Idiopathic macular holes: ultrastructural aspects of surgical failure.

PURPOSE: To investigate the ultrastructure of the internal limiting membrane (ILM) and epiretinal tissue in eyes with idiopathic macular holes that were not successfully closed by one operation. METHODS: A second vitrectomy with en bloc removal of the ILM and epimacular tissue was performed in 16 eyes with full-thickness macular holes after surgical failure. The specimens were processed for transmission electron microscopy. In 5 of 16 eyes, specimens of first macular hole surgery were also analyzed. RESULTS: Fibrocellular proliferation at the vitreal side of the ILM was found in all specimens from second vitrectomy. Myofibroblasts and fibroblasts were predominant. Cells were frequently observed as irregular accumulations rather than regular multilayers at the ILM. Masses of newly formed collagen were found distributed between cells and ILM. All specimens from first macular hole surgery were characterized by regular cellular layers and the presence of native vitreous collagen. CONCLUSIONS: Eyes with idiopathic macular holes that were found not to be closed early after the first vitrectomy show massive proliferation of cells and newly formed collagen irregularly distributed at the remaining ILM. After surgical intervention, ILM remnants and collagen may represent a stimulus for the early formation of tangential traction preventing successful macular hole closure.

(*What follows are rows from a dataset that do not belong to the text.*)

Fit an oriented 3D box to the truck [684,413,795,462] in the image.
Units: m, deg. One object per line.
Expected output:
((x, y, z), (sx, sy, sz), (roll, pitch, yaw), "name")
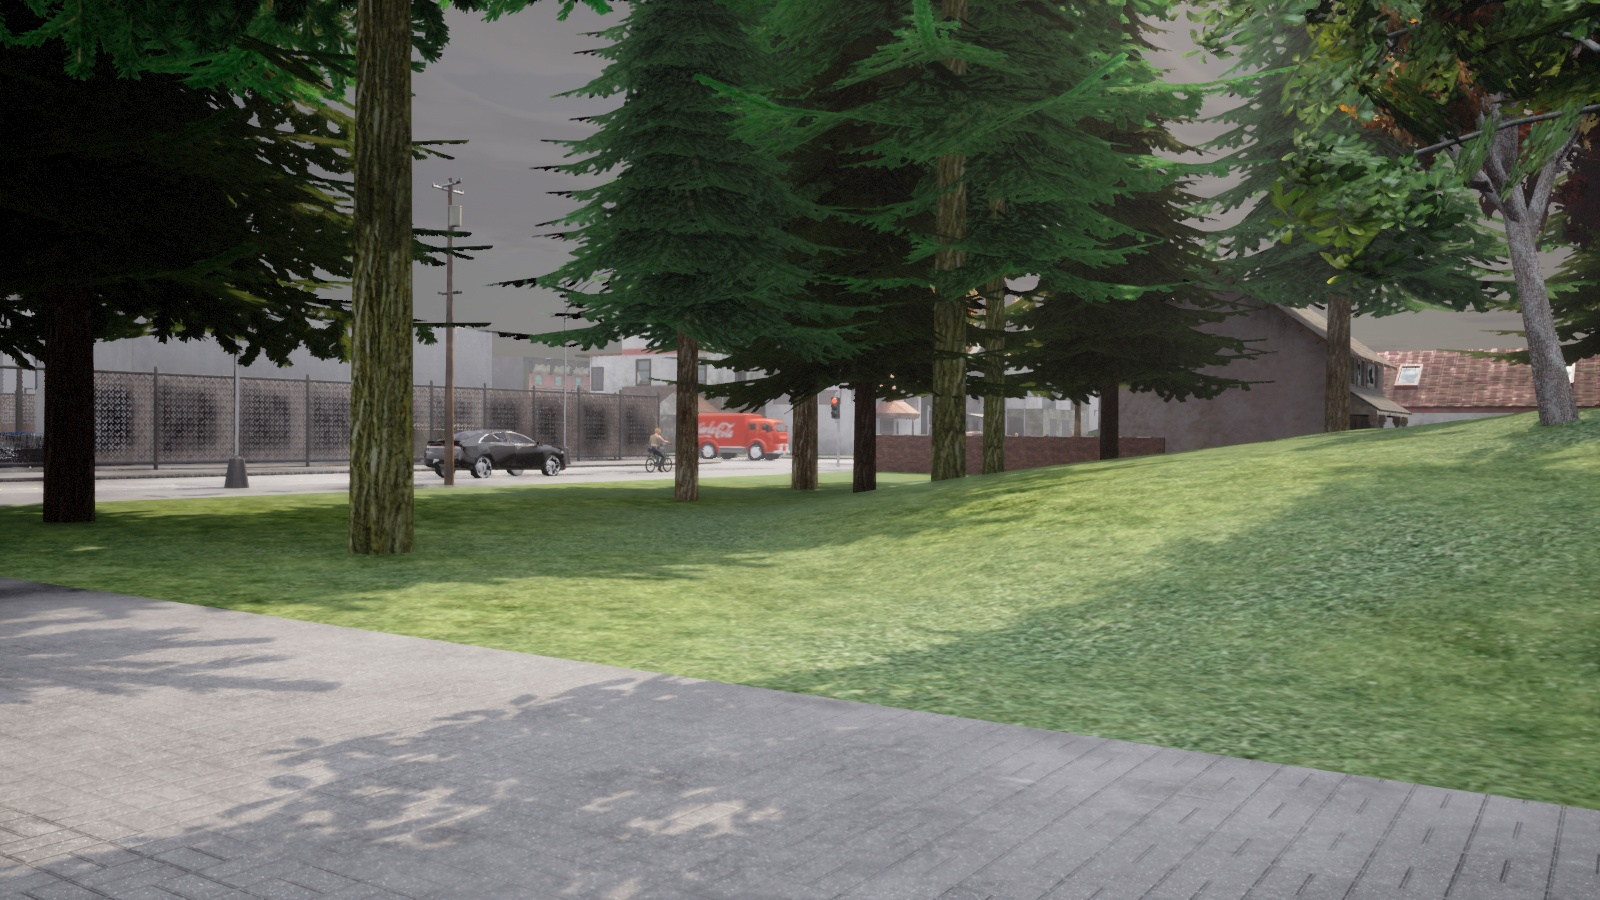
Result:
((-3.166, -0.630, 66.207), (5.204, 2.467, 2.627), (0, 0, 24), "truck")

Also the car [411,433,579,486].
((-9.367, 0.240, 38.970), (2.128, 1.511, 4.902), (0, 1, 34), "car")

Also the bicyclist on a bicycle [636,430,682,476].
((-5.094, 0.094, 45.400), (0.866, 1.612, 1.509), (0, 1, 33), "bicyclist on a bicycle")

Ultrastructure of the vitreomacular interface in full-thickness idiopathic macular holes: a consecutive analysis of 100 cases.

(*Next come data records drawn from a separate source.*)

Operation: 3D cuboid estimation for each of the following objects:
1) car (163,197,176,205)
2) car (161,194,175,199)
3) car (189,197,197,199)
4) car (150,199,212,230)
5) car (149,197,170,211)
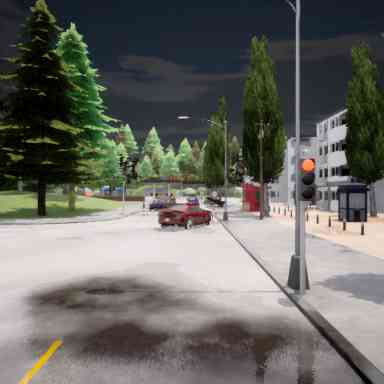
[{"bbox_3d":[-4.015,1.564,60.313,1.994,1.385,4.181,0,0,1],"label":"car"},{"bbox_3d":[-4.064,1.352,50.357,2.097,1.767,4.553,0,0,0],"label":"car"},{"bbox_3d":[0.136,1.526,53.022,1.812,1.442,4.674,0,0,0],"label":"car"},{"bbox_3d":[-0.333,1.478,21.530,1.882,1.535,5.008,2,1,27],"label":"car"},{"bbox_3d":[-4.082,1.601,40.464,1.895,1.301,4.718,0,0,0],"label":"car"}]
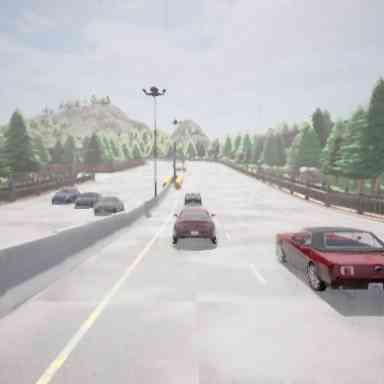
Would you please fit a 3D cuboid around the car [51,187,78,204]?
[{"bbox_3d":[-14.069,0.337,37.484,2.097,1.767,4.553,0,5,0],"label":"car"}]

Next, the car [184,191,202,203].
[{"bbox_3d":[0.112,0.580,37.581,1.895,1.301,4.718,0,5,0],"label":"car"}]

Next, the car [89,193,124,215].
[{"bbox_3d":[-7.082,1.099,28.763,1.812,1.442,4.674,0,3,0],"label":"car"}]

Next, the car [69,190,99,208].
[{"bbox_3d":[-10.572,0.742,34.310,1.837,1.490,4.892,0,4,0],"label":"car"}]

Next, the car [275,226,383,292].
[{"bbox_3d":[3.603,1.550,8.726,1.895,1.301,4.718,0,0,0],"label":"car"}]

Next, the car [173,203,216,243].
[{"bbox_3d":[0.106,1.438,15.380,1.812,1.442,4.674,0,0,0],"label":"car"}]

PURPOSE: To evaluate the ultrastructure of the vitreoretinal interface in stage III and stage IV idiopathic macular holes. DESIGN: A consecutive observational case series, laboratory investigation. METHODS: Pars plana vitrectomy with en-bloc removal of the internal limiting membrane (ILM) and epimacular tissue was performed by one surgeon in 80 eyes with stage III macular holes and in 20 eyes with stage IV macular holes. In total, 218 specimens were processed for light and transmission electron microscopy. RESULTS: Fibrocellular proliferation at the vitreal side of the ILM was found in 57 cases. Native vitreous collagen (NVC) was attached to the ILM in 36 eyes. The presence of NVC was considerably more frequent in eyes with stage IV (70%) than in eyes with stage III macular holes (26%). Mono- and multilayered cellular membranes were seen more frequently in stage IV macular holes. NVC, if present, was always associated with fibrocellular proliferation. In 39 eyes with stage III and in four eyes with stage IV macular holes, the ILM was devoid of any cells and collagen. CONCLUSIONS: Fibrocellular proliferation appears to be a secondary event instead of a primary feature in macular hole development. The severity of fibrocellular proliferation is associated with the presence of NVC. Incomplete vitreoretinal separation may contribute to the development of epimacular membranes in eyes with idiopathic macular holes. Remnants of the vitreous cortex remain more often attached to the ILM in eyes with spontaneous posterior vitreous detachment (PVD) than in eyes with surgical PVD induction.